Please describe how you could take the peel off an apple all in one go:
I’d use my freaking magical powers to do it, of course. Or sit there for hours and hours, just slowly slicing a spiral of the skin off.
Paper or briefs?
Briefs. Paper is waaaaaay too uncomfortable. And think of the paper cuts. Eek.
You've rented a sky-writer to propose to your significant other, but it's completely overcast. What will you do?
Hmmmm. I would find a way to add some sort of color to the smoke and have the guy fly low enough that it could be read. The font would probably have to be significantly smaller, too, so he/she could read it, though…so I’m not sure. Maybe I could hire the Wicked Witch to do it? She’d probably be able to figure it out. Elphie’s smart like that.
Chicken monkey shoes?
Would probably be rather uncomfortable. Although now I do wonder what a chicken monkey might look like…suggestions?
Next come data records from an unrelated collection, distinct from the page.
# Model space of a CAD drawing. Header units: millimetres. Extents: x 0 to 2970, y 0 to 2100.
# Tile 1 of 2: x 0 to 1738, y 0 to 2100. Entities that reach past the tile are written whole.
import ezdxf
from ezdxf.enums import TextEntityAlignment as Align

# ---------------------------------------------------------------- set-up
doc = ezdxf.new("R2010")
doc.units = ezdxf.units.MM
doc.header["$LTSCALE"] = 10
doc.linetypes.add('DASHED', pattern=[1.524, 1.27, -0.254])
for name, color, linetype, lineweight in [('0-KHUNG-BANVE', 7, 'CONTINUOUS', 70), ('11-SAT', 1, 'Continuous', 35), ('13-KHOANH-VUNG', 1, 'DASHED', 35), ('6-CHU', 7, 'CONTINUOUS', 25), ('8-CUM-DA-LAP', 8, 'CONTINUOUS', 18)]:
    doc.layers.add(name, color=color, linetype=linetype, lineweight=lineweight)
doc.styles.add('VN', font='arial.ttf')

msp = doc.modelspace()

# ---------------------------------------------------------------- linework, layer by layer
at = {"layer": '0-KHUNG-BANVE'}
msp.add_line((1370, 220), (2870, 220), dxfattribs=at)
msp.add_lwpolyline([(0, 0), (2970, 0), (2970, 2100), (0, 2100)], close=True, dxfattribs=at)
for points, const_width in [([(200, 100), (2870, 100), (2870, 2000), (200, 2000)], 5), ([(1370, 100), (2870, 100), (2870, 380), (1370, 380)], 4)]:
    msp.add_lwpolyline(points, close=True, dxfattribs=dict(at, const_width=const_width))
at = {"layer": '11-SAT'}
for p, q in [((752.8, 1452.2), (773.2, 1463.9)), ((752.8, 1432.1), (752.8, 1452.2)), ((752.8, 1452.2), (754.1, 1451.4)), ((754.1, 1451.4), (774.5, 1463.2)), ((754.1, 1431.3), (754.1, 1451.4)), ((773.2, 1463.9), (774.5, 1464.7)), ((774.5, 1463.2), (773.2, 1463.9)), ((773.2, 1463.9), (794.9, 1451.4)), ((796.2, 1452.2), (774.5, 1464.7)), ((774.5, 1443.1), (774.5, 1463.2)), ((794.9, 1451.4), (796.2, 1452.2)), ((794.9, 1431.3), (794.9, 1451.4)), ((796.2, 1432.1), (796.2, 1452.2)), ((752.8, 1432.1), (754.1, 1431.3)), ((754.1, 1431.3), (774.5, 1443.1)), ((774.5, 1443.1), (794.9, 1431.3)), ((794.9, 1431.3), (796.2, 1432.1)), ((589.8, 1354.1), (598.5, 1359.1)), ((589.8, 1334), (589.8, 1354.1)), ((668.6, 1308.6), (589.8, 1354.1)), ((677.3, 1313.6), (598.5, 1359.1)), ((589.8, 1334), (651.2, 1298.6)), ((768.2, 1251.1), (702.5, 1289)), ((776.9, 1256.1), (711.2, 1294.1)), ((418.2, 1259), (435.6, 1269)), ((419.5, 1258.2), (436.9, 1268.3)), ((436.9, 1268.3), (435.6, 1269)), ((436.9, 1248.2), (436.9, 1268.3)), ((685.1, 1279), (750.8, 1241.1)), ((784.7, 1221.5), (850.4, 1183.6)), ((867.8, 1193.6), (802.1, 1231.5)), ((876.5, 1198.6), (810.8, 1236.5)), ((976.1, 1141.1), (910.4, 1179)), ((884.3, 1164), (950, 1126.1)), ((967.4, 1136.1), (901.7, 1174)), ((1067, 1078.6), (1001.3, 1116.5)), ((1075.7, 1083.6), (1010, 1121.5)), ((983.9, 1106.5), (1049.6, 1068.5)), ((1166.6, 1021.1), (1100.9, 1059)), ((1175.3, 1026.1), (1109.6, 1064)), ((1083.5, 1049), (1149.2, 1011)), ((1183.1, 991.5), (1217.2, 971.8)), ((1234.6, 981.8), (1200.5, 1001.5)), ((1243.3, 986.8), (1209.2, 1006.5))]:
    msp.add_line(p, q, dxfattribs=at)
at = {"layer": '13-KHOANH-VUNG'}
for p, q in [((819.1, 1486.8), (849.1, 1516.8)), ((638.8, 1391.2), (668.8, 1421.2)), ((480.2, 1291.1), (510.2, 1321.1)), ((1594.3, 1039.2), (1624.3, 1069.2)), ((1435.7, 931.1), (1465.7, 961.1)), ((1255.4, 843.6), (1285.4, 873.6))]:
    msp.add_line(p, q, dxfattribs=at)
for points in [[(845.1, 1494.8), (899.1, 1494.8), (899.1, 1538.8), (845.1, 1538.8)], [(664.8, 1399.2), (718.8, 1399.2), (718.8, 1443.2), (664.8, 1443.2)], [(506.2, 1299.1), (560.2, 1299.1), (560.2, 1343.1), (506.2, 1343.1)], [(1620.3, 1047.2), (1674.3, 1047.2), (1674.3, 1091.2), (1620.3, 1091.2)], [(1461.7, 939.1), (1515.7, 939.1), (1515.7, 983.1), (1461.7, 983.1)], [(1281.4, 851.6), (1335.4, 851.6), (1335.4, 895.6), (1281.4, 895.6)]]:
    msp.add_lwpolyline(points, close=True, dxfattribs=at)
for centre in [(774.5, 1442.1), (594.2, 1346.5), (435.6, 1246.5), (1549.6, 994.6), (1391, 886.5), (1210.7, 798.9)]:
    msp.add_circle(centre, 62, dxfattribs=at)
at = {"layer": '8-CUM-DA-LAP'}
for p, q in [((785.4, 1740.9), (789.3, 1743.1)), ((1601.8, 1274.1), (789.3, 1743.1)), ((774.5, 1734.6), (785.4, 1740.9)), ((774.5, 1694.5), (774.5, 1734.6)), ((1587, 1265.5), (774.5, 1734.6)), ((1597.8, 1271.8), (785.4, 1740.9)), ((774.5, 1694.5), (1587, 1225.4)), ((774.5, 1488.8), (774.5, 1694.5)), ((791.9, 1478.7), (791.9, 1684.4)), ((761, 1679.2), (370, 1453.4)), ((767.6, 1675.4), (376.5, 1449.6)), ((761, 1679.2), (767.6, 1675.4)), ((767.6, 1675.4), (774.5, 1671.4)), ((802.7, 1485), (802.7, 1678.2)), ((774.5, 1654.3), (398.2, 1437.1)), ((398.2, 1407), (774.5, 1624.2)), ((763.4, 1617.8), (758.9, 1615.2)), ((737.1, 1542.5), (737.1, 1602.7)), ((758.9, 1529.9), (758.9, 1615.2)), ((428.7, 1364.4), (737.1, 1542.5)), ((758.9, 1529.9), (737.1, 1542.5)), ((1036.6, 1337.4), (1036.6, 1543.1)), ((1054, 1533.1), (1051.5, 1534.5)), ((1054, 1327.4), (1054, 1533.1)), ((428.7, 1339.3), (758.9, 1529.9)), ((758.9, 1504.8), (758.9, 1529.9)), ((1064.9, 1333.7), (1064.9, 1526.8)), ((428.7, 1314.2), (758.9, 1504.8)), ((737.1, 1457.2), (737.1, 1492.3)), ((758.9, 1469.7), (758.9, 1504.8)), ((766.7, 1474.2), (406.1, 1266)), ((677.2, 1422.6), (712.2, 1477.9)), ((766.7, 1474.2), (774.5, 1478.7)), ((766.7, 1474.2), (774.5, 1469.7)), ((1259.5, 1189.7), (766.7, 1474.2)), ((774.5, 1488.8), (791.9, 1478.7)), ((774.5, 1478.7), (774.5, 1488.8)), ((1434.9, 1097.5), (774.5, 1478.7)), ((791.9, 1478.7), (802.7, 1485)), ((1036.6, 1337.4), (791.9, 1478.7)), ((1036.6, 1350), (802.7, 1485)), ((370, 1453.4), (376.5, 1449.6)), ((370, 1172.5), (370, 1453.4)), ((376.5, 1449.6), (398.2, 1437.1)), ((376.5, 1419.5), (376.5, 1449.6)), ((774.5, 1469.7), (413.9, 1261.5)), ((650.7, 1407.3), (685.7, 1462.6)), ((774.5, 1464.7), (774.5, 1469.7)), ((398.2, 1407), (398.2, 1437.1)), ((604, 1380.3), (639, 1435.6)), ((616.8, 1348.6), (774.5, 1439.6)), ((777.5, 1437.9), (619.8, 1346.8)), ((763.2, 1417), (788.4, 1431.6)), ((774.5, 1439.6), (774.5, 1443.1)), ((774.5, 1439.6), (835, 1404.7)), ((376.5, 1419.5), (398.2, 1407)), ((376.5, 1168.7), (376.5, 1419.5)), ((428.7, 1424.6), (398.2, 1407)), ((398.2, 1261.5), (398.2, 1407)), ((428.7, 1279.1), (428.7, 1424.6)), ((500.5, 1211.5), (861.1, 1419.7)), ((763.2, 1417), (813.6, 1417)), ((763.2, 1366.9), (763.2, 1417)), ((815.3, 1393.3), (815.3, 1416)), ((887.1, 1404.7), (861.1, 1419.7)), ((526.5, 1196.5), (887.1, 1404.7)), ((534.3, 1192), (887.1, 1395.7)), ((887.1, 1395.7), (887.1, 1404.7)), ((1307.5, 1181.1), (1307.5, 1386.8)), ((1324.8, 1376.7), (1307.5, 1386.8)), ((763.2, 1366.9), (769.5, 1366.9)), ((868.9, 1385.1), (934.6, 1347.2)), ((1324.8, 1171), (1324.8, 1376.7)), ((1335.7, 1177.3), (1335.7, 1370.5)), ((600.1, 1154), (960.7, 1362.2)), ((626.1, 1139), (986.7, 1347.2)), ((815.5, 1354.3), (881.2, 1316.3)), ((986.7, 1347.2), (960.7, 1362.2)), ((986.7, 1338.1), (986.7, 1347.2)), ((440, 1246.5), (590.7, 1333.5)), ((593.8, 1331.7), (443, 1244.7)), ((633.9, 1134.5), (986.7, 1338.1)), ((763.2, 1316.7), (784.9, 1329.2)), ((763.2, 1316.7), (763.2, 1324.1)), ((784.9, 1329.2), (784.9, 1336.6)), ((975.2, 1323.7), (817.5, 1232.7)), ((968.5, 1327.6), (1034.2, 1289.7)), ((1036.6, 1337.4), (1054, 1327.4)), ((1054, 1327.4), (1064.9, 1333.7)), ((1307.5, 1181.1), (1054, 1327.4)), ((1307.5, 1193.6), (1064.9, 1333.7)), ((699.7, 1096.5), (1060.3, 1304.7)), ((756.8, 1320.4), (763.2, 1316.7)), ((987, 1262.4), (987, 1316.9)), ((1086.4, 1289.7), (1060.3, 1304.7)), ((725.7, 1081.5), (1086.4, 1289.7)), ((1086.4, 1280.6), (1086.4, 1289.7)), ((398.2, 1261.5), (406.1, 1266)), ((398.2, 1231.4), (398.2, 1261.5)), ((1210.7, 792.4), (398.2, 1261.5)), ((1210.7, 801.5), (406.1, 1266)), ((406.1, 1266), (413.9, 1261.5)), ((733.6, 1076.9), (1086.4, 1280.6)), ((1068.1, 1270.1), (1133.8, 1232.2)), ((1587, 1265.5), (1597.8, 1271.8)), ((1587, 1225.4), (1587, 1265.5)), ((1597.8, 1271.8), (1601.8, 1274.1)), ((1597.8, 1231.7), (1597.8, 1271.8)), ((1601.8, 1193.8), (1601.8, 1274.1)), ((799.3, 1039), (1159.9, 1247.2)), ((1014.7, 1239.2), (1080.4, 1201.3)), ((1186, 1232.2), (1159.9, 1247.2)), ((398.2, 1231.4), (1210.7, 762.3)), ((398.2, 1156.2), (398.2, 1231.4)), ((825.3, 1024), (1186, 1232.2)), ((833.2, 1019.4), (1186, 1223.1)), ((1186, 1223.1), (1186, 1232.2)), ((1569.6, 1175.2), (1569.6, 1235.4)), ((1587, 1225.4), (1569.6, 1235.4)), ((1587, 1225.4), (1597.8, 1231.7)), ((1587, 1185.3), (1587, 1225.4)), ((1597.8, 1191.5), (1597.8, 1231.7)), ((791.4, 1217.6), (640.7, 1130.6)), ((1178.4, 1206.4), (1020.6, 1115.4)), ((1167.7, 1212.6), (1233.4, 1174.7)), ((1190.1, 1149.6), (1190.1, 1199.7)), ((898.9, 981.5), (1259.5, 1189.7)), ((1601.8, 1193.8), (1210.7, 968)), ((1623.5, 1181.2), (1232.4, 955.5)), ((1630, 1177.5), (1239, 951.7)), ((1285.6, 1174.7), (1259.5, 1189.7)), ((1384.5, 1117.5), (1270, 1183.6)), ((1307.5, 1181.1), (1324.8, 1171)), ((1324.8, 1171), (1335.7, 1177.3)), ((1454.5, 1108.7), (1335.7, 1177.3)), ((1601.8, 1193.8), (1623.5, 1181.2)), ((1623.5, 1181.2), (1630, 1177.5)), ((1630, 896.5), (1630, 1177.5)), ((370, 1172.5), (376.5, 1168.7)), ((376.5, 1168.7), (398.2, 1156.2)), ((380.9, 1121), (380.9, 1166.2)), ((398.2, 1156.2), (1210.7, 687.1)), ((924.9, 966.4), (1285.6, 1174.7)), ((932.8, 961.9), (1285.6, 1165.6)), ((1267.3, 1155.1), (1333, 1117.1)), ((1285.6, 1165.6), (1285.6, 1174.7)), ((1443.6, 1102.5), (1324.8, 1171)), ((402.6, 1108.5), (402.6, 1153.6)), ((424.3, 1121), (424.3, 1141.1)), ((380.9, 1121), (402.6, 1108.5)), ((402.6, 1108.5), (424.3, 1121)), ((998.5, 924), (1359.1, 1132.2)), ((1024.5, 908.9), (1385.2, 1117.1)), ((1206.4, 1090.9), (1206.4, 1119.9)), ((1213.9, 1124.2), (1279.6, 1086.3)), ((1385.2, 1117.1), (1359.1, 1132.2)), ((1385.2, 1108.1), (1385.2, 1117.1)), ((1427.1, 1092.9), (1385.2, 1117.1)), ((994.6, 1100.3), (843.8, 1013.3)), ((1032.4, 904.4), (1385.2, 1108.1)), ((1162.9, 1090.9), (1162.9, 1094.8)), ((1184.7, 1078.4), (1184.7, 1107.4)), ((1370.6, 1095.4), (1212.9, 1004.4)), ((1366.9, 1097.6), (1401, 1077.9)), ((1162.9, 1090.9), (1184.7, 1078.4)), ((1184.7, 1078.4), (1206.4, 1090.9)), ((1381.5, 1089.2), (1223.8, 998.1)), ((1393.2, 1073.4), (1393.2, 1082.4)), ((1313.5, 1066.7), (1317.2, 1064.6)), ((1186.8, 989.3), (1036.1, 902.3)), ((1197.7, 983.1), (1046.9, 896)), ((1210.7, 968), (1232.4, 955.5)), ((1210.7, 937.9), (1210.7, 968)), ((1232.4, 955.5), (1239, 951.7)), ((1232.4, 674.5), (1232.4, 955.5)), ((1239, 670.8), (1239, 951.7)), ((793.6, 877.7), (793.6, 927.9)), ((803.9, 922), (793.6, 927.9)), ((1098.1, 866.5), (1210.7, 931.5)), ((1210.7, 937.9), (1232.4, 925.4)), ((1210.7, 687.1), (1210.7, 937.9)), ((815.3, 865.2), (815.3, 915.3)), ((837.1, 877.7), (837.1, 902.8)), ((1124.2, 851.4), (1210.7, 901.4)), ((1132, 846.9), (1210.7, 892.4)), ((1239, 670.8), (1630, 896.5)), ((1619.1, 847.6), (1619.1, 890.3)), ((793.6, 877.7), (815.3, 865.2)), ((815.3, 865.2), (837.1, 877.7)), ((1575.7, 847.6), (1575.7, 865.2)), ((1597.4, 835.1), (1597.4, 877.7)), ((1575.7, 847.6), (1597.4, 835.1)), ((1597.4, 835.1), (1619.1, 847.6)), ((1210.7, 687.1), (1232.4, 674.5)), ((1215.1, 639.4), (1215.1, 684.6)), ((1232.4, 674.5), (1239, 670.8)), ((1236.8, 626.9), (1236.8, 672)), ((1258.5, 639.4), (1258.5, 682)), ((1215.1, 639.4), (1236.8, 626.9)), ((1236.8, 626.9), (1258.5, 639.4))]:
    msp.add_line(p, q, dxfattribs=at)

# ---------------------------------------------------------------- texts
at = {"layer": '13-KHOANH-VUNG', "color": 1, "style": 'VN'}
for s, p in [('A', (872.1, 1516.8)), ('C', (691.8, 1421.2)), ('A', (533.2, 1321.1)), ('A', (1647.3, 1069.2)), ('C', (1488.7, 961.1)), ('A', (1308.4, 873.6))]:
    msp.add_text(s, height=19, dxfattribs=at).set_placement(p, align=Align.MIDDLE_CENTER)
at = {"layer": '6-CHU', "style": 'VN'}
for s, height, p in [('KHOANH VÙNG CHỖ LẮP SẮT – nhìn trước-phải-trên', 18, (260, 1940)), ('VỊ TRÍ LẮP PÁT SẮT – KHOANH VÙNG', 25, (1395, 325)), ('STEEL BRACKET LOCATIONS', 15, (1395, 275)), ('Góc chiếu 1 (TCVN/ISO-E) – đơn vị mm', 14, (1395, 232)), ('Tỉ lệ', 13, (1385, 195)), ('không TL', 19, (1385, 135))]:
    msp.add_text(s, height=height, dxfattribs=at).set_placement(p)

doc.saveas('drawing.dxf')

In the dream where you show up to school naked, why do you never go swimming?
Well, if it were to happen at my school, it would be because there isn’t a pool. But if I’m dreaming, I guess I could make whatever happen, including adding a new pool. But maybe I don’t want to skinnydip! That’s why I don’t ever go swimming in those dreams.
Why do you think honeydew is the money melon?
I don’t really like honeydew, so I wouldn’t call it something like the money melon. I mean, I like money, dude. I don’t like honeydew. But I guess it might be because it’s green. …it is green, right?
What reason do you have to believe the earth is flat?
Because I know a guy who knows a guy whose brother was best friends with this guy that…well…he fell off the edge of the Earth. It was really sad. But he left me his puppy!
Your people want to make a statue in your honor. What will it be made out of and what victory will it commemorate?
It will be made of cheese and commemorate my becoming a hero. The cheese will be sealed to keep it from getting gross or eaten by wildlife.
Which is easier to make a model airplane out of and why: a banana peel or a wet sock?
The banana peel, of course. Everyone knows that wet things don’t fly. Plus, the peel is already in a plane kind of shape.
You've got to make contact with the alien leader. How will you tell when the conversation is finished?
The conversation is finished when the alien blows up the Earth. Duh.
What's the best time you've ever had licking stamps?
I’ve never licked a stamp. All mine stick on by themselves, thanks.
Do you believe that forks are evolved from spoons?
No, of course not. But sporks are their illegitimate children.
You've written a hit musical! How will you avoid having fame go to your head?
By inventing a fame-resistant helmet and wearing it everywhere.